Human vs. Natural Contributions to Global Warming

The percentage contribution to global warming over the past 50-65 years is shown in two categories, human causes (left) and natural causes (right), from various peer-reviewed studies (colors).  The studies used a wide range of independent methods, and provide multiple lines of evidence that humans are by far the dominant cause of recent global warming.  Most studies showed that recent natural contributions have been in the cooling direction, thereby masking part of the human contribution and in some cases causing it to exceed 100% of the total warming.  The two largest human influences are greenhouse gas (GHG) and sulfur dioxide (SO2) emissions, mostly from burning coal, oil, and natural gas (sulfur emissions tend to have a net cooling effect).  The largest natural influences on the global temperature are the 11-year solar cycle, volcanic activity, and the El Nino Southern Oscillation (ENSO).

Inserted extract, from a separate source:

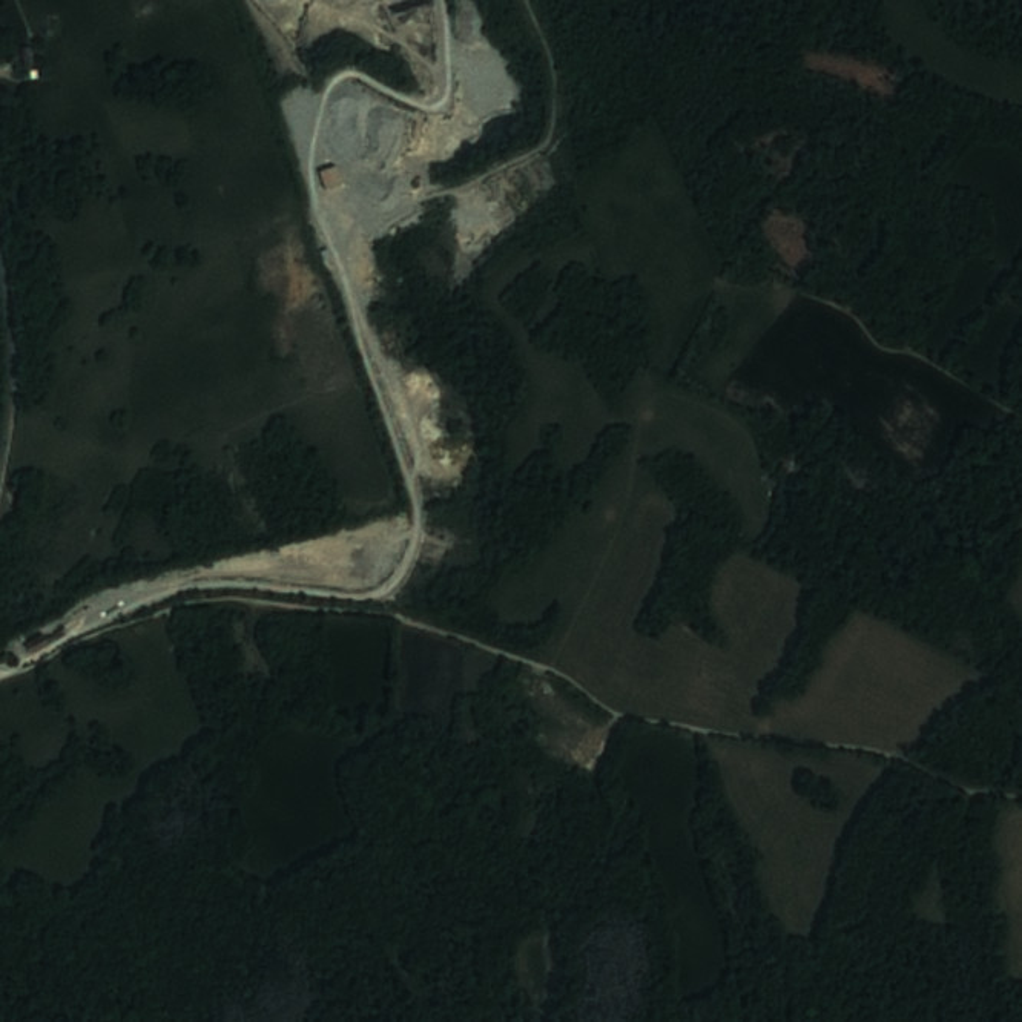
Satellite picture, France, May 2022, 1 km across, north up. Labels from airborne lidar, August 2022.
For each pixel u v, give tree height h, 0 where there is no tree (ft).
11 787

The studies are Tett et al. 2000 (T00, dark blue), Meehl et al. 2004 (M04, red), Stone et al. 2007 (S07, green), Lean and Rind 2008 (LR08, purple), Huber and Knutti 2011 (HK11, light blue), Gillett et al. 2012 (G12, orange), Wigley and Santer 2012 (WG12, dark green), Jones et al. 2013 (J13, pink), IPCC AR5 (IPCC, light green), and Ribes et al. 2016 (R16, light purple).  The numbers in this summary are best estimates from each study; uncertainty ranges can be found in the original research.